Our June IG webinar, which took place on Tuesday, 26th June, reflected on the main developments that took place during the first six months of 2012, and discussed future developments likely to evolve till the end of the year.
During the webinar, we revisited the list of main developments for 2012 which we had discussed during the January IG webinar, and ranked them again.For each main development you will find its current ranking (first number in bold) and the predicted ranking (the second number, in parentheses).
The Internet, with its ethos of sharing and openness, has been challenging copyright and other intellectual property rights. This tension accelerated in January this year with the US Congress discussions of SOPA (Stop Online Piracy Act). SOPA triggered a global online protest, including the first Internet strike, resulting in the US Congress decision to shelf the SOPA proposal. In the same spirit, Europeans reacted to ACTA (Anti-Counterfeiting Trade Agreement) organising protests in European cities and online spaces. Ultimately, ACTA was shelved. Simultaneously to ACTA protests, the US government used regular legal mechanisms, and initiated legal action worldwide against Megaupload, one of the biggest file storage services. The legal basis was found in Megaupload’s major breach of intellectual property rights. For the summary of the January IG developments consult the chronology of the main events.
A few months later, after the dust has settled, one can observe the following main realisations:
• Major IG issues cannot be negotiated secretly (ACTA)
• Legal developments in the USA affect the whole world (global nature of SOPA protest)
• Protection of IPR on the Internet could be a backdoor for influencing Internet governance, including issues such as human rights on the Internet, cybercrime (SOPA and ACTA)
• Traditional legal mechanisms can be used for global Internet governance as well (Megaupload)
IPR on the Internet will continue to be one of the core IG issues. However, till the end of 2012, one should not expect any major development due to the USA Presidential elections. The main legal and political developments on IPR and the Internet have been coming from the United States. It is not likely that this issue will stay in first place on the IG development list till the end of the year.
The World Conference on International Telecommunications (Dubai, December 2012) has become one of the hottest Internet governance issues. The WCIT will amend the International Telecommunication Regulations (ITR) for the first time since 1988. The main issue is if, and how, the amended ITR will affect the future of the Internet. The debate over this question triggered a highly politicised discussion with quite a few simplifications and misperceptions. The most alarming coverage came from the Wall Street Journal, which argued that through the WCIT 2012, the ITU (or United Nations) would try to impose its control over the Internet. This was also the echoing message in the US Congress hearing on WCIT. The New York Times provided the most balanced views, pointing to the limited possibilities of the WCIT to reshape the current Internet governance space.
One of the changes compared to the previous ITR of 1988, is the inclusion of the right to access to the Internet, in the ITR draft text.

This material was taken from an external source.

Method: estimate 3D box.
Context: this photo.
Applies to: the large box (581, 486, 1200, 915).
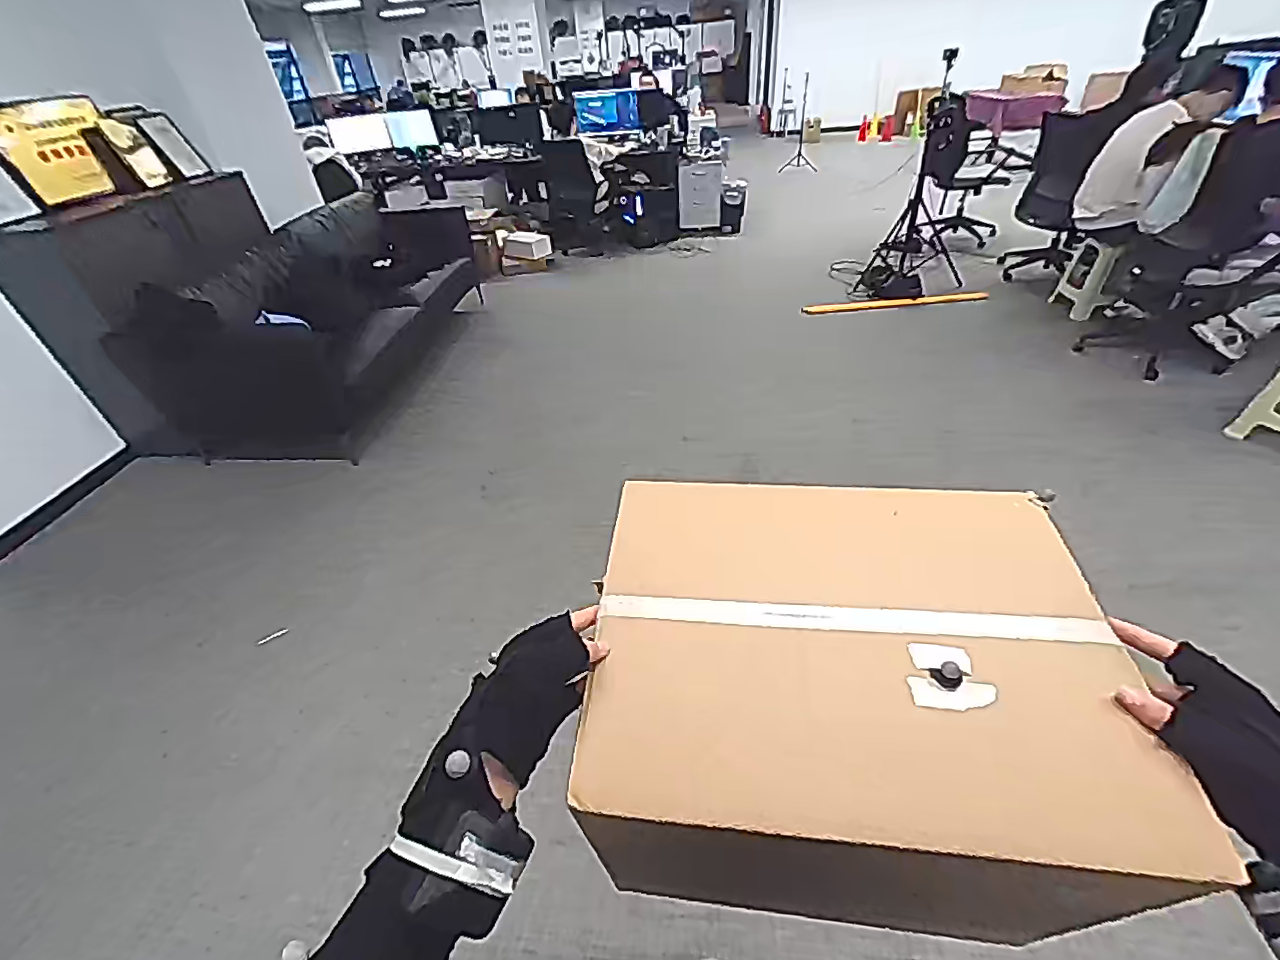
[{"bbox_3d":[0.178,0.221,0.565,0.408,0.320,0.320,1,46,8],"label":"large box"}]

It is the main shift of the ITR beyond its traditional, mainly technological, realm.
While the ITU won’t take over the Internet in Dubai, there are long-term questions about the role of the ITU in the increasingly Internet-driven modern communication. The line between traditional telecommunications and the Internet are increasingly blurring. The dilemmas about the future role of the ITU were summarised in one question: When we make a Skype call do we use telecommunication or an Internet service? The answer is both. Telephone calls – including Skype ones – are telecommunication services, coordinated globally by the ITU. At the same time, Skype calls are an Internet service, using Internet protocols (TCP/IP), and operated by the Internet service companies. Ultimately, the answer to these type of questions will influence the future shape of the global telecommunication and/or Internet governance.
Vint Cerf’s article ‘Internet access is not a human right’ in the New York Times on 4 January heralded a very busy year in Internet governance. Internet and human rights featured as number one on the January 2012 list of the most important IG developments. Cerf’s article triggered a lively debate that centred on the question of where to position the issue of human rights on the Internet. The debate mirrored the discussion on human rights in the non-Internet world. Some, like Cerf, argued mainly for civil-political rights such as freedom of expression. This view has dominated the discussion on Internet and human rights, including in the UN Human Rights Council. In parallel, there are an increasing number of arguments that Internet and human rights should go beyond civil-political rights and extend to socio-economic rights, mainly the right to access to the Internet. The main development is the inclusion of this right in the early drafts of the ITR.
Internet and human rights will remain high on the Internet agenda. The main discussion will revolve around the civil-political vs socio-economic rights dichotomy. Strong efforts should be made to overcome this, to a large extent false, dichotomy. It is possible to have both civil-political and socio-economic rights. The main coming development could be a more prominent role of players such as Brazil and India, developing countries with a strong Internet sector and the high level of observance of human rights.
Update on 29 June 2012: The United Nations Human Rights Council adopted the resolution on the promotion, protection and enjoyment of human rights on the Internet (see: the resolution text; the article written by Carl Bildt).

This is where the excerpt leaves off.